10:00 - 10:45 Keynote 2
About the Speaker
Dr. Ie-Ming Shih is the Richard TeLinde Distinguished Professor in the Department of Gynecology and Obstetrics at the Johns Hopkins University School of Medicine. Dr. Shih directs the inter-departmental TeLinde Gynecologic Disease Program and co-directs the Women‘s Malignancy Program at the Sidney Kimmel Comprehensive Cancer Center at Johns Hopkins Medical Institutions. He is the Principal Investigator of the NIH Specialized Program of Research Excellence (SPORE) of Ovarian Cancer focusing on concept-driven clinical trials and early detection of the disease. Dr. Shih's research has been continuously supported by National Institute of Health.
Dr. Shih received his M.D. from Taipei Medical University and earned his Ph.D. from the University of Pennsylvania. Dr. Shih went on completing a clinical fellowship in gynecologic pathology and a research fellowship in cancer genetics at Johns Hopkins before joining the faculty in 2001.
The scientific contributions from his team include 1) molecular characterization of different types of ovarian cancer, 2) elucidation of the origin and evolution trajectory of ovarian precancerous lesions, 3) the discovery of cancer- promoting genes that are amenable for targeting, 4) the etiology of endometriosis and 5) the pathogenesis of gestational trophoblastic neoplasm.
Dr. Shih has published more than 360 original publications and book chapters related to basic and translational cancer research, especially in the study of gynecological malignancies. He has received the 2017 Most Influential Research Paper Award in gynecologic diseases by the Columbia Hospital Foundation, and several research awards from the Tina’s Wish Bozeman Foundation, Gray Foundation, and the Endometriosis Foundation of America to support and recognize his research works.
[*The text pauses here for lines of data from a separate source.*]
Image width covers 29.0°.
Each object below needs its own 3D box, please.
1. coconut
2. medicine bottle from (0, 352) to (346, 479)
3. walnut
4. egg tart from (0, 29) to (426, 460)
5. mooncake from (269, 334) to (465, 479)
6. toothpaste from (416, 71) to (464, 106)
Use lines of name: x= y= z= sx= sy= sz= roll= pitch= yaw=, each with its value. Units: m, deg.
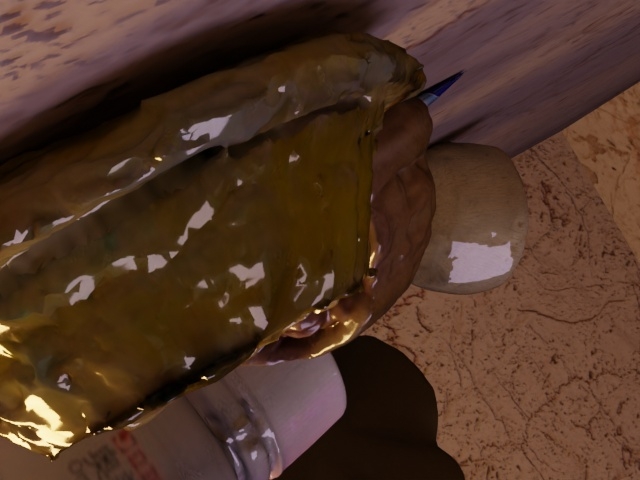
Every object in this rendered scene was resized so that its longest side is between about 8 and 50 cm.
coconut: x=0.174 y=-0.027 z=1.616 sx=0.224 sy=0.224 sz=0.224 roll=-30 pitch=177 yaw=-2
medicine bottle: x=-0.162 y=0.171 z=1.062 sx=0.325 sy=0.256 sz=0.256 roll=-37 pitch=180 yaw=-23
walnut: x=-0.001 y=0.000 z=0.889 sx=0.238 sy=0.141 sz=0.204 roll=-33 pitch=-178 yaw=14
egg tart: x=-0.071 y=0.013 z=0.588 sx=0.315 sy=0.120 sz=0.315 roll=-30 pitch=178 yaw=-1
mooncake: x=-0.046 y=0.296 z=1.499 sx=0.467 sy=0.467 sz=0.262 roll=-26 pitch=153 yaw=-50
toothpaste: x=0.084 y=-0.113 z=0.997 sx=0.083 sy=0.015 sz=0.024 roll=-35 pitch=178 yaw=-23

He sits in several advisory/editorial boards such as the World Health Organization (WHO) Nomenclature Committee for Gynecologic Neoplasms and the NCI Ovarian Task Force of Gynecologic Cancer Steering Committee. Besides his clinical, research and teaching obligations, Dr. Shih is a passionate photographer.
11:00 - 11:40 Keynote 3
Annotation of medical imaging data is notoriously time-consuming, expensive, prone to human biases, and hard to reconcile with the insatiable demands of contemporary machine learning. The models trained on annotated data are often narrow in focusing on features that are specific to a given context (anomaly, pathology, etc.) rather than discovering and capturing more general characteristics of observed structures and processes, which may make them susceptible to deceptive image features and lead to inferior generalization. In this talk, I will argue for stronger involvement of unlabelled data in construction of analytic and diagnostic ML models for medical imaging and review a number of relevant techniques we studied and devised in my research group, including recent neurosymbolic architectures trained via auto-association, in which a generative decoder synthesizes a physically/biologically plausible structural model that explains the observed image. The proposed architectures can learn effectively from small data sets, offer better interpretability than conventional models, and promise better diagnostic accuracy.
About the Speaker
Krzysztof Krawiec is a full professor Professor of Computer Science at Poznan University of Technology, Poland. His primary research areas include neurosymbolic systems, computer vision, medical imaging, and program synthesis. Krzysztof co-authored over 180 publications on the above and related topics, received the Fulbright Senior Advanced Research Award, and was a visiting professor at University of California and Massachusetts Institute of Technology.
He serves as an advisor at the Confederation of Laboratories for Artificial Intelligence in Europe and co-founded the Center for Artificial Intelligence and Machine learning, part of the Horizon 2020 Foundations of Trustworthy AI project funded by the European Commission. He acts also as the Chief AI Advisor at Optopol Technology, a leading manufacturer of ophthalmic imaging systems, and as the CTO of Hylomorph Solutions Ltd.